Last wk. we decided to give Jonah Goldbrick a pass, as (much like the proverbial stopped clock that's correct twice a day) he got something more or less right,
actually exposing some of Pat Buchanan's racist clap-trap, in Buchanan's
latest book Churchill, Hitler and the Unnecessary War: Why We Should Have Let Hitler Alone, At Least Until He Finished Off The Jews.
This wk., though, time has moved on & J. G. is
back to bullshit. We can only take so much, & even given the contempt we have for our audience, we can only submit you poor souls to so much, so let's just note this:
Breaking news! The ultimate White House insider plans a tell-all book about the Bush years. Boasting unprecedented access to the president's thinking, it will run counter to almost everything we've been told about Bush's radical presidency.
Who will be the latest to break the code of silence after former White House Press Secretary Scott McClellan? George W. Bush.
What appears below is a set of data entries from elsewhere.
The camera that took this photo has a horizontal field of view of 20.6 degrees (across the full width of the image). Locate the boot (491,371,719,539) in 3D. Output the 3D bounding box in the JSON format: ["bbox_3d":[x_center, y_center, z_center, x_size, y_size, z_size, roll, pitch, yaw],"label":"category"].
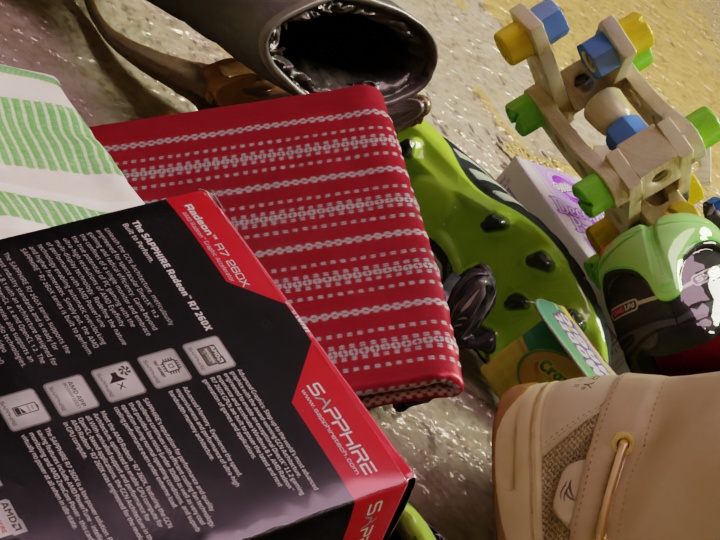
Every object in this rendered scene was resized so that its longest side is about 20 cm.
[{"bbox_3d":[0.129,0.125,0.661,0.073,0.155,0.201,21,60,-57],"label":"boot"}]

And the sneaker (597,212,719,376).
[{"bbox_3d":[0.156,0.062,0.873,0.200,0.076,0.084,51,24,-42],"label":"sneaker"}]

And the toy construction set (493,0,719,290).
[{"bbox_3d":[0.129,-0.047,0.961,0.131,0.092,0.200,56,8,21],"label":"toy construction set"}]

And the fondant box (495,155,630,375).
[{"bbox_3d":[0.157,0.037,1.070,0.144,0.058,0.200,15,32,-45],"label":"fondant box"}]

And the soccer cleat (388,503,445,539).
[{"bbox_3d":[0.012,0.114,0.668,0.199,0.081,0.068,13,34,-48],"label":"soccer cleat"}]

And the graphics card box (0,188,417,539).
[{"bbox_3d":[-0.100,0.054,0.549,0.199,0.051,0.126,-16,55,-34],"label":"graphics card box"}]

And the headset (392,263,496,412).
[{"bbox_3d":[0.000,0.000,0.845,0.123,0.094,0.200,28,14,-26],"label":"headset"}]

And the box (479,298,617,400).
[{"bbox_3d":[0.116,0.093,0.823,0.118,0.048,0.200,54,1,31],"label":"box"}]

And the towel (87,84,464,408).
[{"bbox_3d":[-0.046,-0.006,0.765,0.144,0.023,0.200,-9,37,-3],"label":"towel"}]

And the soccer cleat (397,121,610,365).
[{"bbox_3d":[0.064,-0.012,0.988,0.200,0.068,0.081,50,19,28],"label":"soccer cleat"}]

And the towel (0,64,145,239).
[{"bbox_3d":[-0.136,-0.034,0.716,0.152,0.023,0.200,11,24,-38],"label":"towel"}]

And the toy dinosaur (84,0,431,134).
[{"bbox_3d":[-0.068,-0.085,0.955,0.199,0.061,0.106,19,20,5],"label":"toy dinosaur"}]

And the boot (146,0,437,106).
[{"bbox_3d":[-0.085,-0.133,0.905,0.181,0.073,0.200,-3,34,-31],"label":"boot"}]

Which "Breaking news!" Goldfinger then admits is only
what went through my mind listening to the president during a meeting with a small group of journalists in the Oval Office on Monday. The session, maddeningly and often foolishly punctuated by long, off-the-record musings and soliloquies, mostly dealt with foreign policy.
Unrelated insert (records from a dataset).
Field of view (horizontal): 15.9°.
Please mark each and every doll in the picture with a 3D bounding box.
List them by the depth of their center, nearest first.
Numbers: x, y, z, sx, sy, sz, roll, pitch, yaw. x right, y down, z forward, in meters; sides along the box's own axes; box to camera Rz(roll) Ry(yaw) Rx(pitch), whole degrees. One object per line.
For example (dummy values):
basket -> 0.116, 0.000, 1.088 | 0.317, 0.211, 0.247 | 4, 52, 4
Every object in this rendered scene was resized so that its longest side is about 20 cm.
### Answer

Can't wait for that book, filled w/ maddening & foolish punctuation, & not revealing anything but what a maddening fool G. W. is. (Speaking of punctuation, the very best Bush book would be one he had to write himself, on a strict deadline,
sans ghostwriters. He can't talk, he surely can't punctuate either. That would be one hee-larious book.)
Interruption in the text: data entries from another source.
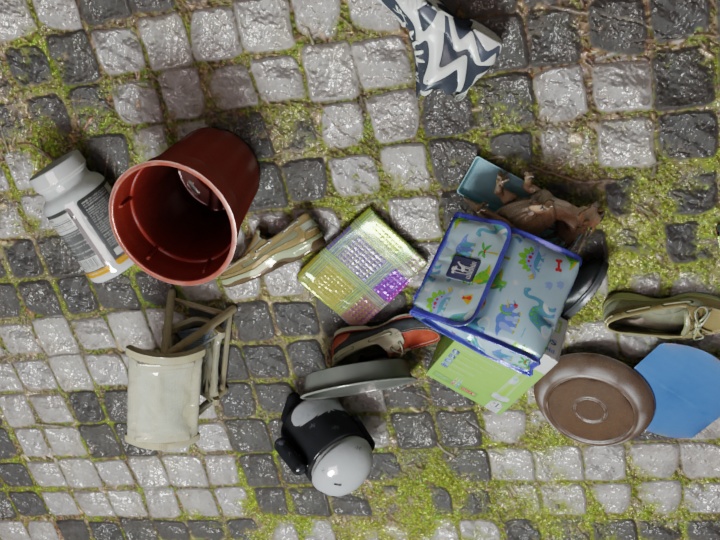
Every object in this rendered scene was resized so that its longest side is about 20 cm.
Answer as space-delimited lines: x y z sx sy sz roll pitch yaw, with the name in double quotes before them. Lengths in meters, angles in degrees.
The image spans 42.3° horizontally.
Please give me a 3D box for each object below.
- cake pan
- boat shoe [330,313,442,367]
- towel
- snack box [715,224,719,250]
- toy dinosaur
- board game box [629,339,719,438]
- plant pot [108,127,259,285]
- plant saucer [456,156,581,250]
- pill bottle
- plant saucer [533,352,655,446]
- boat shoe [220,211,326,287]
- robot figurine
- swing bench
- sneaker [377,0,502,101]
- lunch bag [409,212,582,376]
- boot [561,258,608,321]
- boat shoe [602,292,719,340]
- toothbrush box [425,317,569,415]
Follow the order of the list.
"cake pan" -0.005 0.181 1.551 0.198 0.200 0.037 -13 78 21
"boat shoe" 0.044 0.122 1.550 0.197 0.063 0.072 -10 133 16
"towel" 0.000 0.000 1.526 0.143 0.023 0.200 41 121 -11
"snack box" 0.623 -0.015 1.323 0.198 0.053 0.144 -13 106 22
"toy dinosaur" 0.247 -0.072 1.366 0.198 0.087 0.136 -4 139 29
"board game box" 0.505 0.184 1.488 0.157 0.039 0.201 32 133 -2
"plant pot" -0.251 -0.115 1.423 0.198 0.196 0.203 7 122 11
"plant saucer" 0.247 -0.102 1.403 0.198 0.019 0.070 27 123 -3
"pill bottle" -0.449 -0.090 1.539 0.115 0.117 0.201 -21 112 25
"plant saucer" 0.379 0.221 1.528 0.198 0.032 0.202 14 131 16
"boat shoe" -0.153 -0.038 1.527 0.198 0.072 0.077 -25 97 18
"robot figurine" -0.063 0.300 1.629 0.150 0.200 0.125 -37 144 -7
"swing bench" -0.311 0.177 1.607 0.128 0.201 0.201 14 123 6
"sneaker" 0.084 -0.308 1.288 0.197 0.080 0.130 25 115 -12
"lunch bag" 0.190 0.027 1.321 0.198 0.172 0.128 24 165 11
"boot" 0.255 -0.004 1.432 0.199 0.066 0.165 35 125 -3
"boat shoe" 0.471 0.075 1.418 0.198 0.063 0.074 6 121 9
"toothbrush box" 0.212 0.124 1.470 0.144 0.087 0.201 28 144 -2

In fact, if only a fraction of what he had to say was remotely accurate, then the conventional bleats about unilateralism, war lust and cowboyishness will go down in history as the excessive caterwauling of an imaginative and hyper-partisan opposition.
Sure they will. And there's nothing resembling imaginative and hyper-partisan caterwauling & bleating on the right, or among Bush's few remaining defenders, is there? Not to mention that only a fraction of what Bush ever says
is accurate.
The best part is Jonah's idea of "the mainstream of American presidential history," & how the Bush presidency just isn't that radical. To young Goldberg, presidential history goes all the way back to...George H.W. Bush.
Extraordinary rendition? That practice (in which we send terrorists to foreign countries to be interrogated under laxer rules) began under President Clinton. Aggressive interrogations, for good or ill, surely predate 2001. Holding prisoners indefinitely at Guantanamo without benefit of a trial? As terrorism expert Andrew C. McCarthy notes in National Review, we were doing that under the first President Bush and under Clinton to innocent Haitian refugees, who got even less due process than we give captured enemy combatants.
No mention at all of, say, Reagan, selling arms to Iran & helping Osama Bin Laden get Al Qaeda underway (as Bush Jr. is doing now in Iran, per the
Seymour Hersh piece mentioned here yesterday). Just Bush the First & Clinton. He doesn't even qualify his "idea" w/ a word like"modern." If it happened before he pulled his head out of Star Drek reruns, it doesn't matter.
And his conclusion?
Given Obama's ideological leanings and inexperience, there's clearly plenty of room for him to make costly mistakes. But odds are he too would come to realize that America needs to win the war on terror and succeed in Iraq. Hence the greatest irony. A successful Obama presidency would have the unintended consequence of making Bush's memoir a success story.
Idiocy of this caliber stands on its own, & needs no further comment from an insignificant nobody (Not published in a major metropolitan newspaper.) like the editor here.